PyBuffer segfault, but only on linux (C Extension)

I am working on a C extension and have a test failure which i can’t fix. Maybe someone here can see the root cause.

Here is the failing test code:

def test_calculate_crc8():
    # test start_value and first_call
    first_call = True
    crc = e2e.crc.CRC8_INITIAL_VALUE
    data = b"\x33\x22\x55\xAA\xBB\xCC\xDD\xEE\xFF"
    for i, _val in enumerate(data):
        crc = e2e.crc.calculate_crc8(data[i:i+1], start_value=crc, first_call=first_call)
        first_call = False
    assert 0xCB == crc

e2e.crc.calculate_crc8 is implemented in C:

static PyObject *
py_calculate_crc8(PyObject *module,
                  PyObject *args,
                  PyObject *kwargs)
{
    Py_buffer data;
    uint8_t start_value = CRC8_INITIAL_VALUE;
    bool first_call = true;
    static char *kwlist[] = {
        "data",
        "start_value",
        "first_call",
        NULL};

    if (!PyArg_ParseTupleAndKeywords(args, kwargs, "y*|Ip:calculate_crc8",
                                     kwlist, &data, &start_value, &first_call))
    {
        return NULL;
    }

    uint8_t crc = Crc_CalculateCRC8(data.buf, data.len, start_value, first_call);
    PyBuffer_Release(&data);

    return (PyLong_FromUnsignedLong(crc));
}

So the function py_calculate_crc8 is called with a bytes object of length 1. This object is parsed via format y* into the Py_buffer “data”. The segfault occurs when data.buf[0] is accessed. But all tests pass on WIndows and macos.

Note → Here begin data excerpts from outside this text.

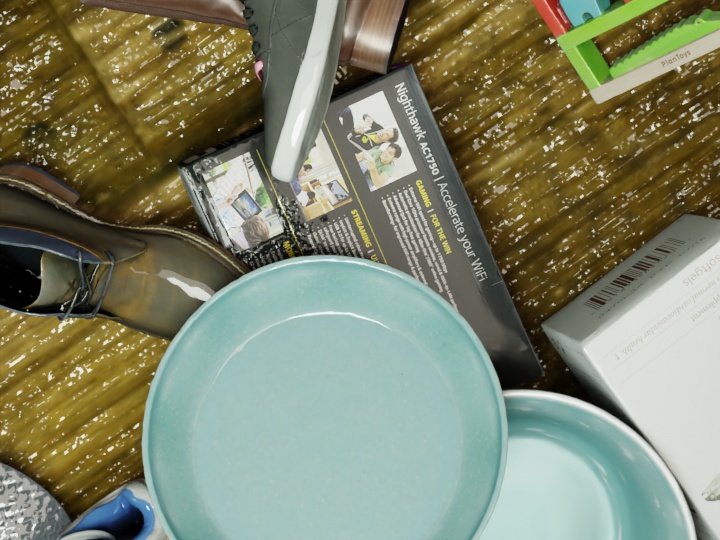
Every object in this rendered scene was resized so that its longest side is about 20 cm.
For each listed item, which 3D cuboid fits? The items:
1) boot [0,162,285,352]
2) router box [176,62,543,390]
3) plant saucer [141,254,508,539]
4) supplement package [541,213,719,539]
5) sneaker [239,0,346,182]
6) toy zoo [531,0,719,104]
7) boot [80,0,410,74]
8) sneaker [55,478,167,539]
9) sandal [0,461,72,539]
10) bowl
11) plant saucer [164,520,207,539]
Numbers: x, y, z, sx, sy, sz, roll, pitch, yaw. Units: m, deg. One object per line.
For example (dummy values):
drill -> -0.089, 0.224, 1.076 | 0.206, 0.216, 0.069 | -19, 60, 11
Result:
boot -> -0.144, 0.013, 1.359 | 0.199, 0.097, 0.075 | 23, 118, 8
router box -> 0.000, 0.000, 1.420 | 0.148, 0.051, 0.201 | -24, 97, -6
plant saucer -> -0.019, 0.094, 1.328 | 0.198, 0.036, 0.202 | -1, 77, 3
supplement package -> 0.215, 0.083, 1.419 | 0.117, 0.117, 0.201 | -37, 98, -4
sneaker -> -0.058, -0.151, 1.331 | 0.098, 0.071, 0.202 | 8, 84, 2
toy zoo -> 0.134, -0.203, 1.385 | 0.131, 0.020, 0.201 | -24, 105, 40
boot -> -0.057, -0.220, 1.395 | 0.198, 0.064, 0.188 | 15, 77, 3
sneaker -> -0.155, 0.208, 1.373 | 0.200, 0.080, 0.147 | -50, 137, -8
sandal -> -0.244, 0.131, 1.412 | 0.199, 0.043, 0.076 | 34, 81, -4
bowl -> 0.093, 0.159, 1.409 | 0.199, 0.105, 0.203 | 0, 98, 3
plant saucer -> -0.120, 0.270, 1.355 | 0.200, 0.037, 0.201 | -43, 138, -19
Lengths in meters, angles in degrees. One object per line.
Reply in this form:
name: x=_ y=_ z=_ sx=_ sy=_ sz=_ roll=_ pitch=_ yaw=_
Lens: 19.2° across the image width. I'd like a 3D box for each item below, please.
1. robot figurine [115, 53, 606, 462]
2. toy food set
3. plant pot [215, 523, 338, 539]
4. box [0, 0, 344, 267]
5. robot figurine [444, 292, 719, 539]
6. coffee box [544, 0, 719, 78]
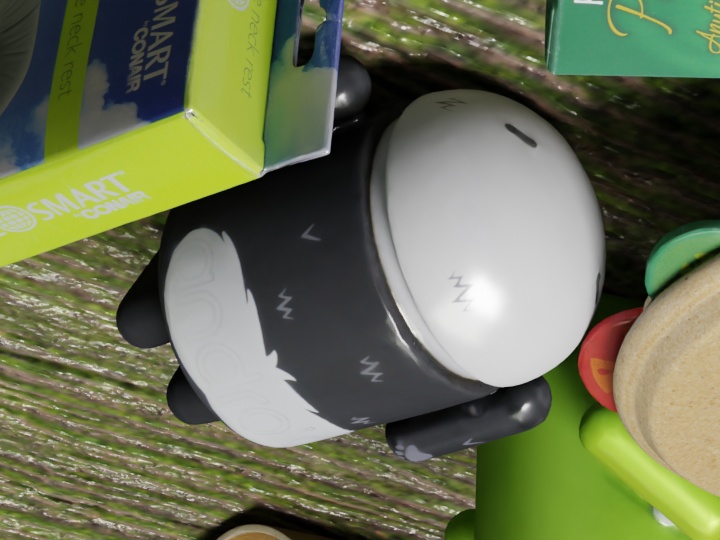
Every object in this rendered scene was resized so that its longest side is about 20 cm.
robot figurine: x=0.001 y=0.000 z=0.856 sx=0.200 sy=0.125 sz=0.150 roll=-17 pitch=154 yaw=32
toy food set: x=0.188 y=0.030 z=0.812 sx=0.198 sy=0.049 sz=0.200 roll=-23 pitch=139 yaw=25
plant pot: x=0.018 y=0.246 z=1.245 sx=0.200 sy=0.187 sz=0.186 roll=8 pitch=152 yaw=-34
box: x=-0.099 y=-0.070 z=0.742 sx=0.200 sy=0.122 sz=0.048 roll=-17 pitch=143 yaw=31
robot figurine: x=0.109 y=0.111 z=0.953 sx=0.116 sy=0.200 sz=0.175 roll=14 pitch=152 yaw=-19
coffee box: x=0.157 y=-0.107 z=0.639 sx=0.200 sy=0.044 sz=0.123 roll=1 pitch=150 yaw=3
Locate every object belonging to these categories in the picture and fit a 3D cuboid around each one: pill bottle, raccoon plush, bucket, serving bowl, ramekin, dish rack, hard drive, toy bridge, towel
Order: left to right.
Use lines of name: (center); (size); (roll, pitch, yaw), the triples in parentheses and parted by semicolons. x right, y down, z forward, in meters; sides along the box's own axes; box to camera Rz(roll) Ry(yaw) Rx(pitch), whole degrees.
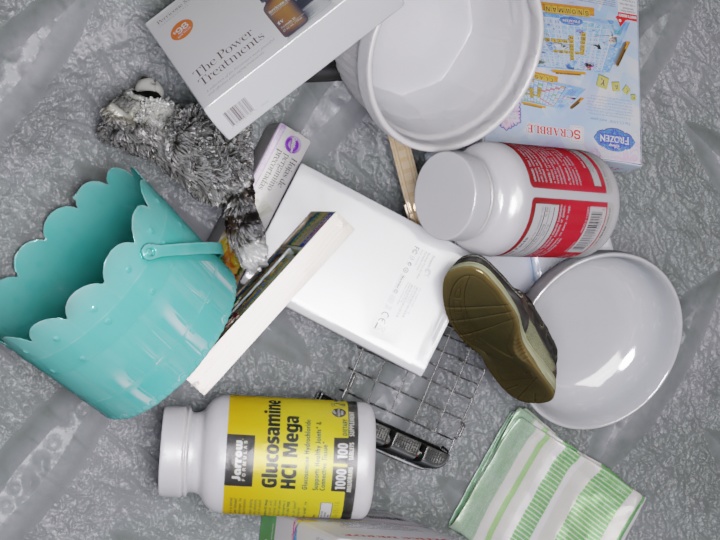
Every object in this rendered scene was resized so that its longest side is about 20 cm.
bucket: (-0.217, 0.022, 1.247); (0.135, 0.207, 0.207); (44, 74, -28)
raccoon plush: (-0.166, -0.092, 1.294); (0.134, 0.097, 0.201); (-8, 59, -20)
pill bottle: (-0.089, 0.176, 1.332); (0.199, 0.112, 0.113); (3, 89, -5)
hard drive: (0.000, 0.000, 1.378); (0.199, 0.026, 0.132); (28, 84, -3)
dish rack: (0.057, 0.094, 1.434); (0.153, 0.055, 0.201); (26, 85, -19)
toy bridge: (0.060, -0.068, 1.436); (0.027, 0.067, 0.201); (-17, 99, 8)
ramekin: (0.066, -0.225, 1.355); (0.200, 0.105, 0.201); (-15, 122, -26)
pill bottle: (0.154, -0.069, 1.389); (0.199, 0.112, 0.113); (1, 90, -40)
towel: (0.209, 0.260, 1.531); (0.200, 0.023, 0.153); (35, 78, -21)
serving bowl: (0.243, 0.067, 1.508); (0.199, 0.066, 0.201); (-7, 112, -19)

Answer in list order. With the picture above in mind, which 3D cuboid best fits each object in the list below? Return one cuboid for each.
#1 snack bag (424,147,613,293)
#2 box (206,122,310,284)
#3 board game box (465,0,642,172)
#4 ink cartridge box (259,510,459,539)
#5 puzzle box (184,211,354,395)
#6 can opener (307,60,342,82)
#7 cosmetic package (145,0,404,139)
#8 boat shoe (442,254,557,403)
snack bag: (0.172, -0.069, 1.512); (0.199, 0.021, 0.189); (-18, 98, -23)
box: (-0.114, -0.049, 1.376); (0.039, 0.041, 0.201); (31, 78, -22)
board game box: (0.207, -0.214, 1.501); (0.199, 0.041, 0.200); (5, 80, -23)
ink cartridge box: (0.002, 0.283, 1.343); (0.144, 0.200, 0.084); (8, 87, -23)
puzzle box: (-0.092, 0.026, 1.286); (0.025, 0.133, 0.200); (43, 83, -11)
can opener: (-0.031, -0.227, 1.415); (0.199, 0.053, 0.067); (-6, 61, -23)
cosmetic package: (-0.081, -0.232, 1.271); (0.200, 0.151, 0.052); (-38, 137, 1)
boat shoe: (0.142, 0.050, 1.389); (0.201, 0.072, 0.066); (55, 39, -35)
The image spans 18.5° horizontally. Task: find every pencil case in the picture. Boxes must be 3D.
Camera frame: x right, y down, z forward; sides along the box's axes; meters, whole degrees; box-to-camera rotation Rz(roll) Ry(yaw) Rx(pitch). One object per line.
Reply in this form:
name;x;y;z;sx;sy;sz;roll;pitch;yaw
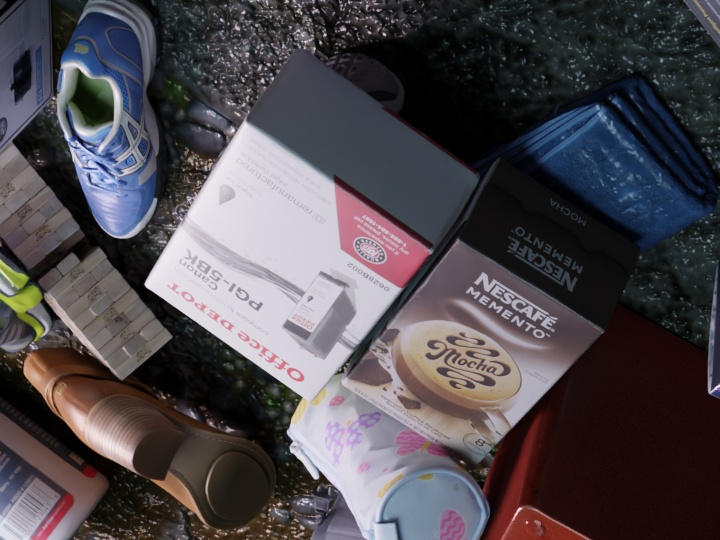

The full code is available here

start_value (parameter type “I”) should be unsigned int, not uint8_t (that’s too small).

first_call (parameter type “p”) should be int, not bool (I’m not sure of the size of bool, but it could be 1 byte, whereas Python expects an int, so probably too small).

Thank you for taking a look!

I actually tried “b” instead of “I” on the other git branch. I could try changing bool to something else tomorrow. I actually assumed, that PyArg_ParseTupleAndKeywords automatically casts to the correct size.

I also tried incrementing the ref count of “args” but that didn’t help either.

You pass in pointers to variables and use the format argument to tell it what types the arguments are, and, therefore, how big the pointed-to variables are. If you tell it that it’s “I” (unsigned int) but it’s actually uint8_t, don’t be surprised if it writes something beyond the end of the variable!

Another issue I’ve only just realised: I’m not sure about the PyBuffer_Release(&data);. A buffer is being passed in, right? But whose responsibility is it to release that buffer? You or the caller? I’d probably assume it was the caller’s responsibility.

1 Like

You were absolutely correct about the format arguments. That solved the problem. Here is the current version. Thank you for your advice.

Regarding the PyBuffer_Release, the docs say:

However, when a Py_buffer structure gets filled, the underlying buffer is locked so that the caller can subsequently use the buffer even inside a Py_BEGIN_ALLOW_THREADS block without the risk of mutable data being resized or destroyed. As a result, you have to call PyBuffer_Release() after you have finished processing the data (or in any early abort case).